Totenbuch
Scarpetta.
Rose holt den Schlüssel heraus.
Offenbar möchte sie die Tür nicht in Scarpettas Gegenwart öffnen.
»Los, rein mit ihnen«, fordert
Scarpetta sie auf.
Rose rührt sich nicht. Doch mit
ihrem Herumgedruckse weckt sie nur Scarpettas Neugier. Zu guter Letzt nimmt
Scarpetta ihr den Schlüssel aus der Hand und öffnet die Tür. Zwei Sessel stehen
am Fenster mit Blick auf den Hafen. Dazwischen sieht sie einen Tisch mit zwei
Weingläsern und einer Schale voller Nüsse.
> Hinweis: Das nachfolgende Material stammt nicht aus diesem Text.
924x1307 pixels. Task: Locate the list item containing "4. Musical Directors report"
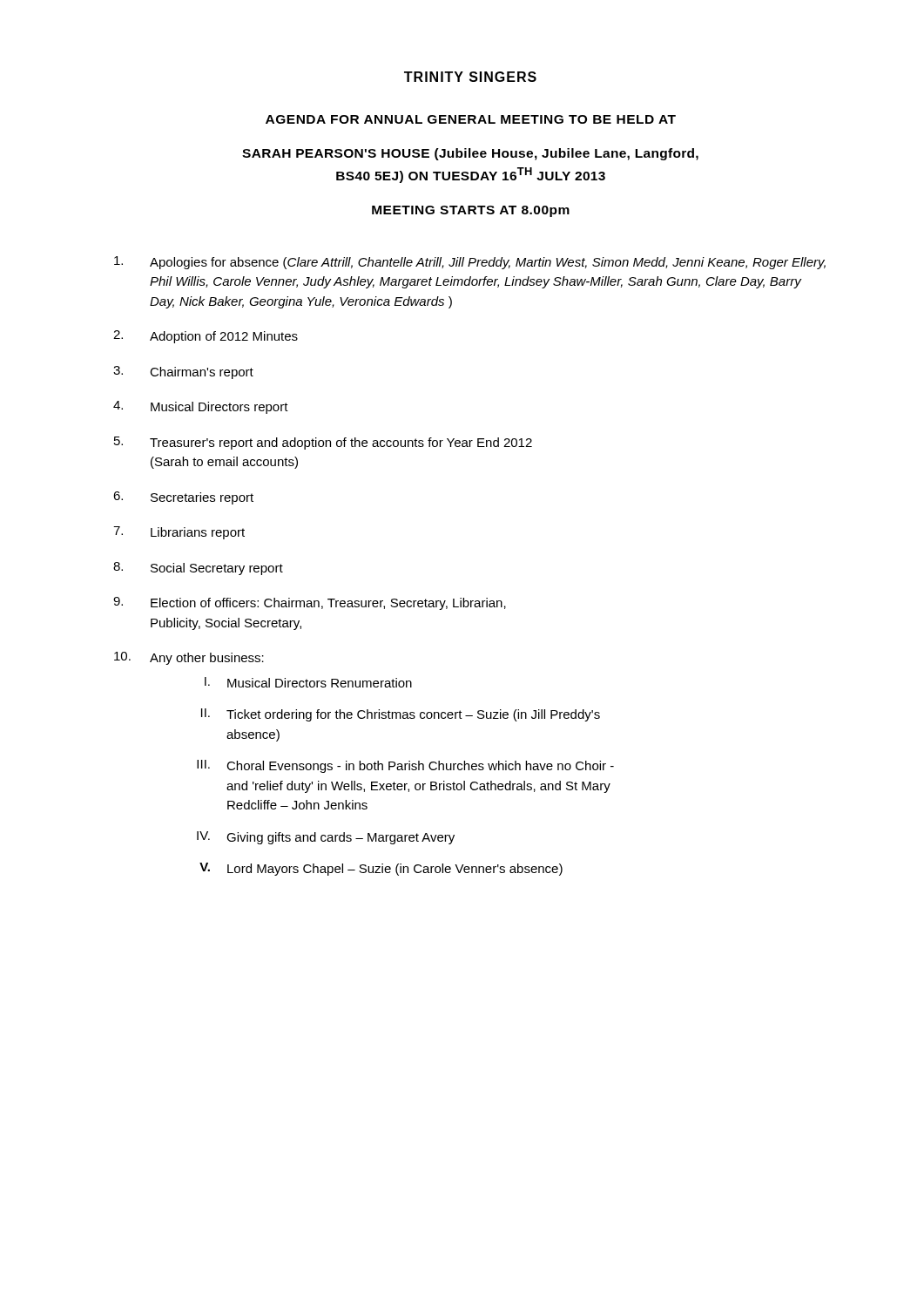click(x=200, y=407)

»Der Mann, mit dem Sie sich
treffen«, stellt Scarpetta fest und tritt unaufgefordert ein, »ist Henry
Hollings.« Sie zieht die Tür zu und schaut Rose in die Augen. »Deshalb hatte er
es gerade so eilig. Die Polizei hat ihn wegen Lupano angerufen. Er hat Ihnen
erzählt, was passiert ist, und sich dann verdrückt. So kann er kurz darauf
wiederkommen, und niemand ahnt, dass er gerade schon einmal hier war.«
Sie geht zum Fenster, als könnte
sie ihn draußen auf der Straße sehen. Dann wirft sie einen Blick nach unten.
Roses Wohnung ist nicht weit von Lupanos entfernt.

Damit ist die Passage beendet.